**** RECORDS SHOWN

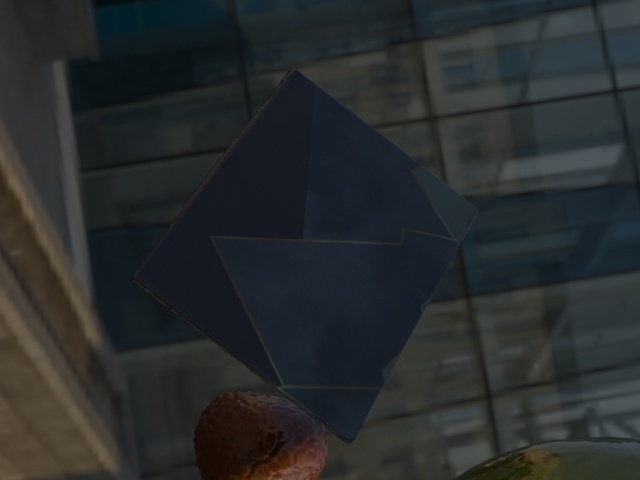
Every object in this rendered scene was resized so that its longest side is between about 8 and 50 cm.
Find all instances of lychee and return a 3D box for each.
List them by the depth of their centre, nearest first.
[{"bbox_3d":[-0.035,0.176,1.212,0.114,0.140,0.101,-45,152,-36],"label":"lychee"}]

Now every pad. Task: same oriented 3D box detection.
[{"bbox_3d":[0.000,0.000,0.956,0.004,0.163,0.243,-49,-175,43],"label":"pad"}]

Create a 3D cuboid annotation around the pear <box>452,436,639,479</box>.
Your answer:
[{"bbox_3d":[0.152,0.223,0.926,0.212,0.269,0.212,173,-90,-86],"label":"pear"}]
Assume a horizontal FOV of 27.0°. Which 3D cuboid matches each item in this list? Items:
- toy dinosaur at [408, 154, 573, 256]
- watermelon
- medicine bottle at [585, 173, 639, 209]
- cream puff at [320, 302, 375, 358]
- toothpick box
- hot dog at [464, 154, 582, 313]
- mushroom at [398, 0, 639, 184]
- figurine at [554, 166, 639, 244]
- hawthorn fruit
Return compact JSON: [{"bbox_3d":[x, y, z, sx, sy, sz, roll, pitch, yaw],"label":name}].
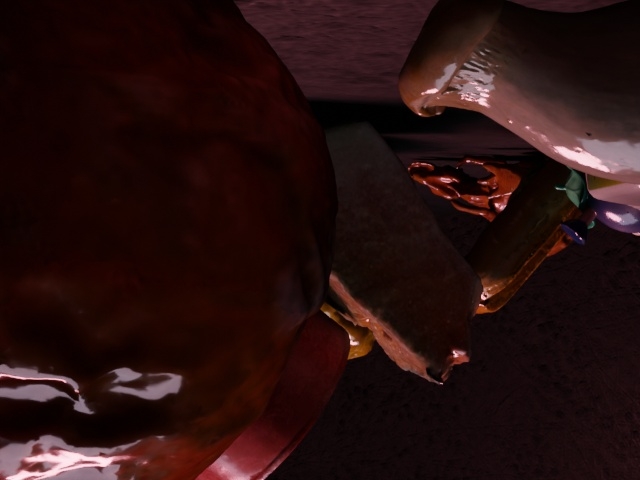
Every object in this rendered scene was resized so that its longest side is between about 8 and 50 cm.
[{"bbox_3d":[0.282,-0.050,1.517,0.432,0.097,0.208,5,-166,24],"label":"toy dinosaur"},{"bbox_3d":[0.023,-0.020,1.223,0.302,0.151,0.264,38,174,-3],"label":"watermelon"},{"bbox_3d":[0.241,-0.064,0.859,0.132,0.088,0.188,2,179,-2],"label":"medicine bottle"},{"bbox_3d":[-0.001,0.000,1.439,0.185,0.282,0.281,-28,160,39],"label":"cream puff"},{"bbox_3d":[-0.161,0.060,1.219,0.333,0.204,0.204,39,169,-13],"label":"toothpick box"},{"bbox_3d":[0.208,-0.022,1.302,0.062,0.235,0.092,33,148,21],"label":"hot dog"},{"bbox_3d":[0.143,-0.074,0.618,0.212,0.088,0.097,7,-149,0],"label":"mushroom"},{"bbox_3d":[0.316,-0.059,1.231,0.194,0.112,0.102,-1,-164,2],"label":"figurine"},{"bbox_3d":[-0.133,-0.020,0.467,0.241,0.242,0.271,1,168,36],"label":"hawthorn fruit"}]
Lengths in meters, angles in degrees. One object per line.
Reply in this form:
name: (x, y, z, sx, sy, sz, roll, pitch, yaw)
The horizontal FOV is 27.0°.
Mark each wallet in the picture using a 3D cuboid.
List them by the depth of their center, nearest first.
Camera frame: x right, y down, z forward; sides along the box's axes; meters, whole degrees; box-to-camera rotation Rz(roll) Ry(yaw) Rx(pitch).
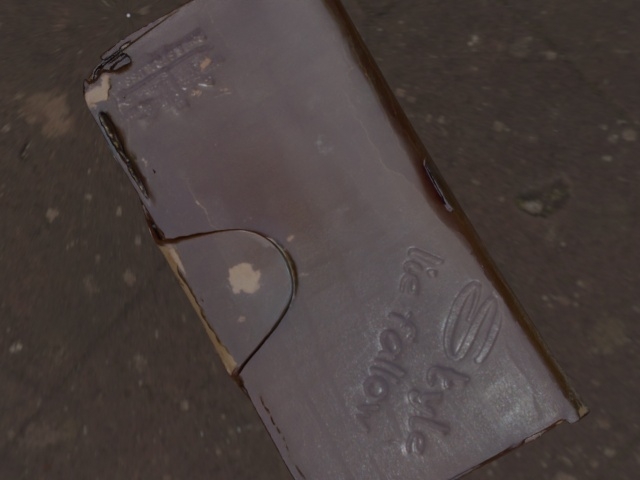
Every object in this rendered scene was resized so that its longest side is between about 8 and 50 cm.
wallet: (0.000, 0.000, 0.424, 0.095, 0.026, 0.176, -30, 85, 4)
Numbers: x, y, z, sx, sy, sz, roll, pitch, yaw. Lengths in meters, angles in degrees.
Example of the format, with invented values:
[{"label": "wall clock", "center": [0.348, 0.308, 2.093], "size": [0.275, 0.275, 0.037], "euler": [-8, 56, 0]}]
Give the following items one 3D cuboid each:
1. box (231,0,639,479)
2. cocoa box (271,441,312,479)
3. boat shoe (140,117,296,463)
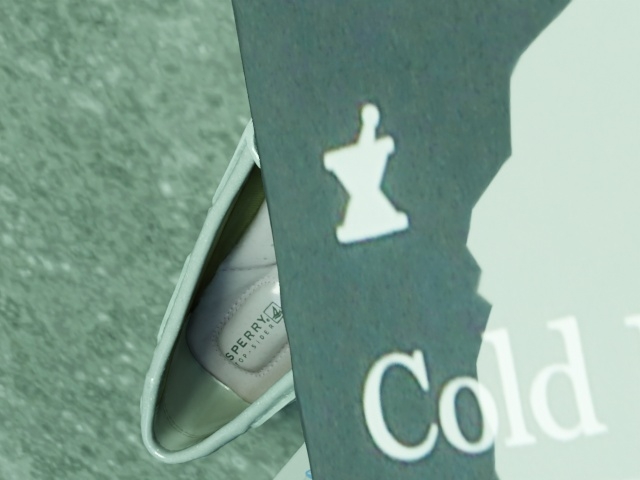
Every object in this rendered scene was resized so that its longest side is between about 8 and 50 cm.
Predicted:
[{"label": "box", "center": [0.233, -0.143, 0.382], "size": [0.480, 0.297, 0.471], "euler": [-14, 83, 39]}, {"label": "cocoa box", "center": [0.146, 0.210, 0.866], "size": [0.231, 0.228, 0.347], "euler": [9, 129, 34]}, {"label": "boat shoe", "center": [-0.003, -0.001, 0.902], "size": [0.118, 0.103, 0.320], "euler": [39, 135, 2]}]
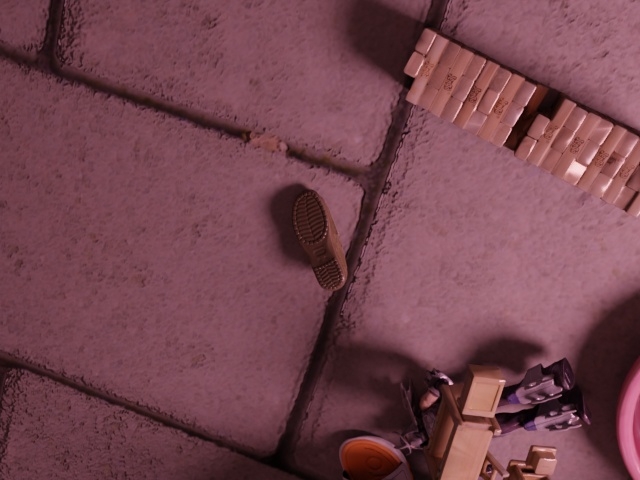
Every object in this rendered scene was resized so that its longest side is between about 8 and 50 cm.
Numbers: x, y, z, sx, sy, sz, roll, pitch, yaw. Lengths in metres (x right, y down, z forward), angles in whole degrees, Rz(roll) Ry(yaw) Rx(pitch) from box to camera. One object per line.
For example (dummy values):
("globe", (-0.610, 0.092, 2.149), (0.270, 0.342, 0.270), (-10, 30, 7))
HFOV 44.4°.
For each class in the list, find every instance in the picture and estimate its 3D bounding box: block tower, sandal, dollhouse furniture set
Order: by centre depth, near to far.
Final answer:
("block tower", (0.264, -0.152, 0.984), (0.335, 0.097, 0.091), (29, 111, 5))
("dollhouse furniture set", (0.239, 0.236, 1.027), (0.161, 0.101, 0.182), (9, 112, -9))
("sandal", (0.106, 0.425, 1.206), (0.102, 0.076, 0.265), (-19, 102, 17))

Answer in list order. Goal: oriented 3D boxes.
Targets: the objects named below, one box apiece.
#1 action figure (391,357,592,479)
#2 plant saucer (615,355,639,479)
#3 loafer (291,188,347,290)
("action figure", (0.228, 0.251, 1.116), (0.285, 0.099, 0.185), (-24, 105, 22))
("plant saucer", (0.564, 0.233, 1.039), (0.332, 0.084, 0.332), (4, 108, 12))
("loafer", (0.000, 0.000, 1.115), (0.056, 0.050, 0.148), (-16, 87, 14))
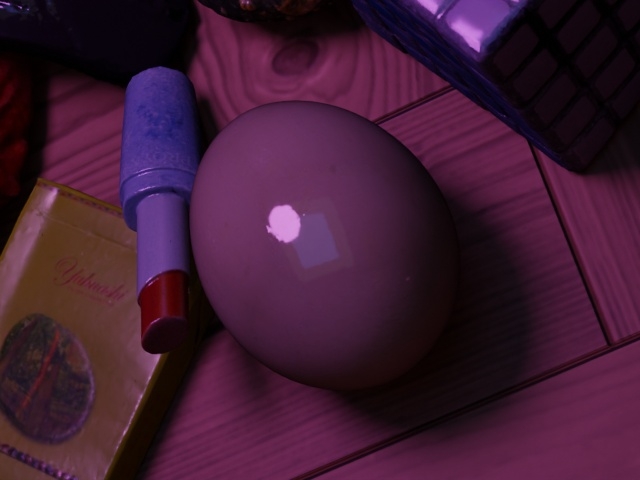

********

■ YOUR ASSIGNMENT: The required output is each line of the entries that contains the word "right".

■ SOLUTION FOR THIS TASK:
Camera frame: x right, y down, z forward; sides along the box's axes; meters, whole degrees; box-to-camera rotation Rz(roll) Ry(yaw) Rx(pitch).
Numbers: x, y, z, sx, sy, sz, roll, pitch, yaw. Lengths in metres (x right, y down, z forward), angles in whole degrees, Rz(roll) Ry(yaw) Rx(pitch) from box to camera. One object per line.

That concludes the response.